Why is the CCP Imposing Huge Fines on Foreign Companies?
Recently, the Chinese Communist Party (CCP) authorities
fined six foreign infant formula companies nearly 670 million
yuan ($109 million) in total for anti-competitive behavior.
This marks another attack against foreign companies
by the CCP government,
following its fines against Samsung and other five
foreign companies for the same reason this January.
In doing this, does the CCP simply intend to protect
the interests of consumers by enforcing anti-monopoly laws
as is usually done in western countries,
or there are other motives behind the move?
Experts will share their analysis below.
Days ago, the CCP’s National Development and
Reform Commission (NDRC) imposed a huge anti-trust fine of
670 million yuan ($109 million)
to six foreign infant formula companies.
This is the largest fine the CCP has ever issued
against foreign companies.
The companies subject to the fine are Biostime, Abbott,
Mead Johnson, Dumex, Friesland Campina and Fonterra.
The CCP officially announced that those companies
had violated its anti-monopoly law with anti-competitive behavior and price fixing;
therefore they were fined 1% to 10% of
their sales amount in the past year.
He Junqiao, Chinese business observer: “If China’s (the CCP’s)
government truly wants to enforce the anti-monopoly law,
it should do the same to all those state-owned companies,
instead of solely imposing a huge fine on several foreign infant formula companies.
As we all know, there exist serious quality problems with
China’s companies producing infant milk powder.”
If this argument is correct, then what really motivates
the CCP to aggressively fine those foreign companies?
He Junqiao says that Chinese people have to pay nearly the
highest prices in the world for the many everyday essentials,
including drinking water, electricity, oil, and so on.
All these life-essential industries are precisely
under the monopoly of state-owned enterprises.

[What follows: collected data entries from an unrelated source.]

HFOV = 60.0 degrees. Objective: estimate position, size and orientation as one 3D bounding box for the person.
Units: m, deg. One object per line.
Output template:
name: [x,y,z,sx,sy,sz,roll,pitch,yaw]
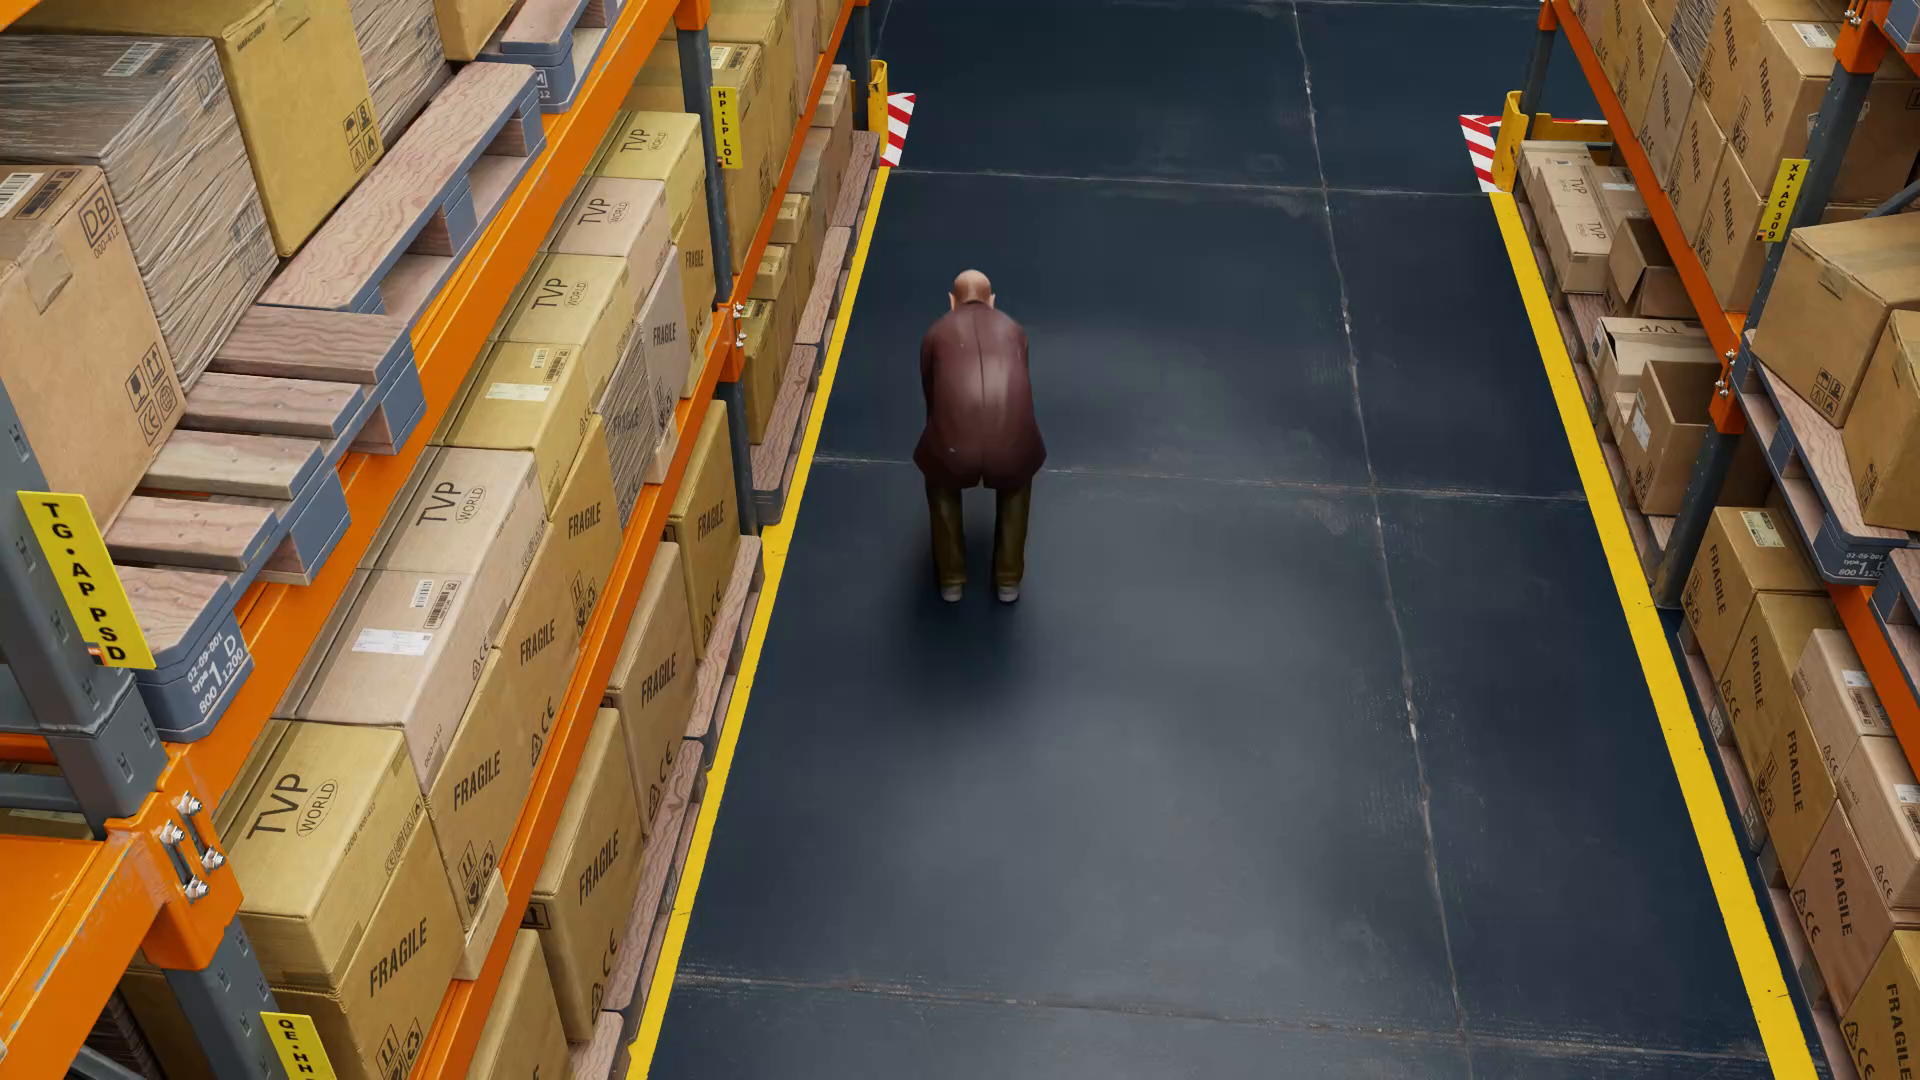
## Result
person: [0.077,-0.435,7.146,0.563,1.204,0.939,-1,40,-2]
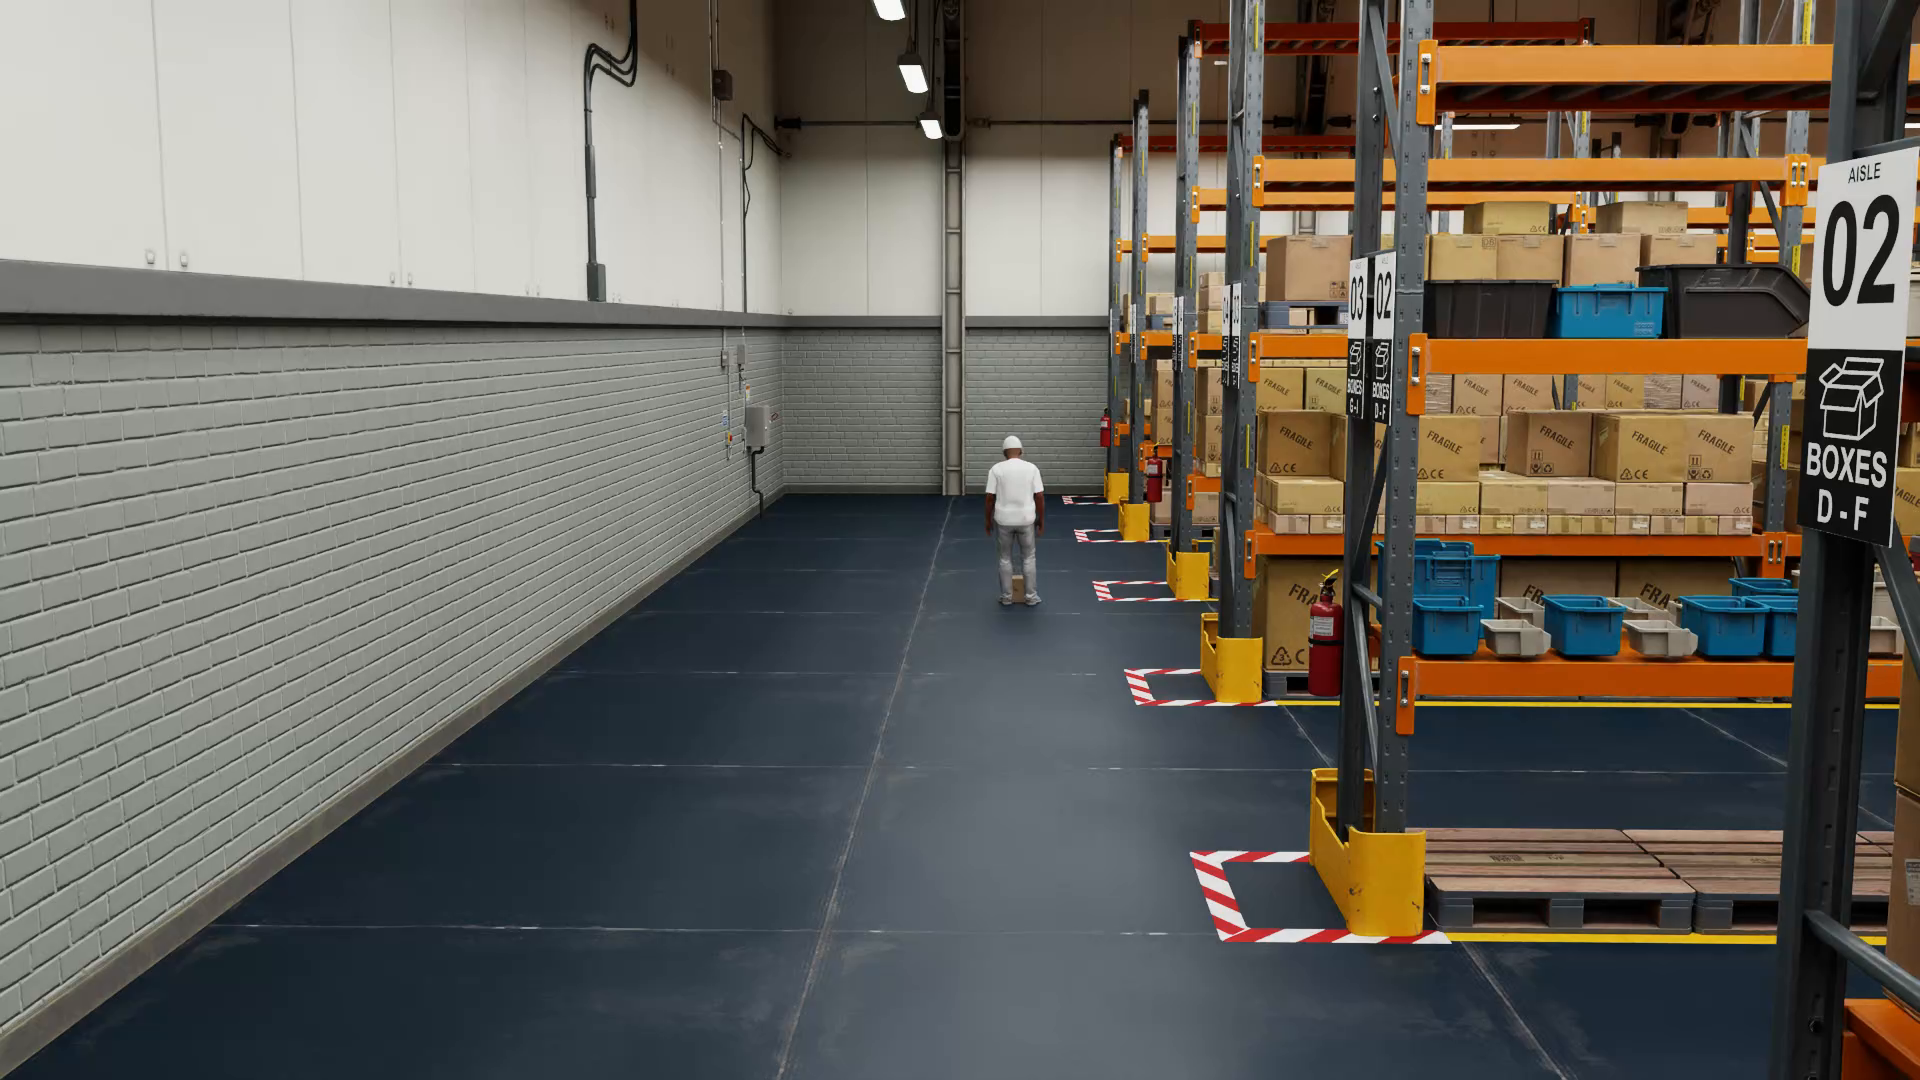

Zhang Qingxi, economics professor at Taiwan University:
“In any case, foreign companies, especially milk producers,
definitely abide by the law better than their Chinese peers.
Firstly, the CCP authorities fined those companies
as a show to the Chinese to see.
Secondly, I think it is intended to protect the interests of
domestic producers by punishing foreign ones,
under the pressure from inside China.”
The CCP government has been attacking foreign companies
in various ways for some time.
This March, a party mouthpiece media accused Apple Inc.
for being “greedy and extremely arrogant”.
In the same month, its quality inspection department also
“figured out” a gearbox problem of Volkswagen,
forcing the company to recall over 380,000 vehicles in China.
Back in early January, Samsung and other five foreign
electronic companies were fined of 144 million Yuan for anti-competitive behavior.
Since Sep 9th, 2012, a large group of Taiwanese business
owners started a daily protest at a regular time in front of Taipei Railway station.
They told stories of how they were persecuted by the CCP
and ended up losing all of their possessions in mainland China.
According to Taiwan’s mainland affairs council, the major
problem is the CCP’s criminal persecution against Taiwanese
business owners, threatening the safety
of both their life and property.
Zhang Qingxi: “The CCP’s approach of attracting investment
is to give some preferential treatment to you initially.
However, if you become a big success, then they will plot to
control your company, sometimes even by directly taking it.
Personally I think there are many reasons for this,
such as demoralization of the whole society.
A major problem is that there is no restriction
on the power of the authorities.”
Since 2011, foreign companies started to retreat from China
in waves due to increasing labor costs, an end to tax benefits,
and the appreciation of yuan, among other reasons.
In only five trading days ahead of Jun 5th, 2013,
about 834 billion dollars left China’s stock market.
This is the largest outflow of foreign investment for China
since the financial crisis in January, 2008.
Some outside observers comment that this indicates
an end to the “China Dream” for foreign companies.
Xie Tian, professor at Aiken Business School, University
of South Carolina: “The CCP has always been blatantly
violating human rights and never rules the country by law.
Working with such a regime, you may make profits for
a period of time, but will suffer a lot more in the end.
Now western companies start to taste the true
bitterness in China.”
The CCP’s mouthpiece media claimed that Mead Johnson
and two other companies out of the six milk powder
producers had announced that they would pay the fines.
New Zealand’s Fonterra was reported to say that it
accepts and will fully coordinate with the decision.
Xie Tian: “This is indeed a strange thing.
Among those companies there is also an American one.
In general, they shouldn’t easily accept any administrative
fine without their violations being proved.
However, we haven’t seen any firm evidence shown
by the CCP government.
As the fine can be related to scandals of the
whole Chinese milk powder industry,
those companies may worry about further retaliation
from the CCP and therefore do something to protect themselves.”
Xie Tian says that the CCP may also aim at shifting
the public attention by imposing the huge fines on these companies.
The CCP might attempt to create the illusion that
the party is acting in the welfare people of the people,
so as to hide the real problems under its governance.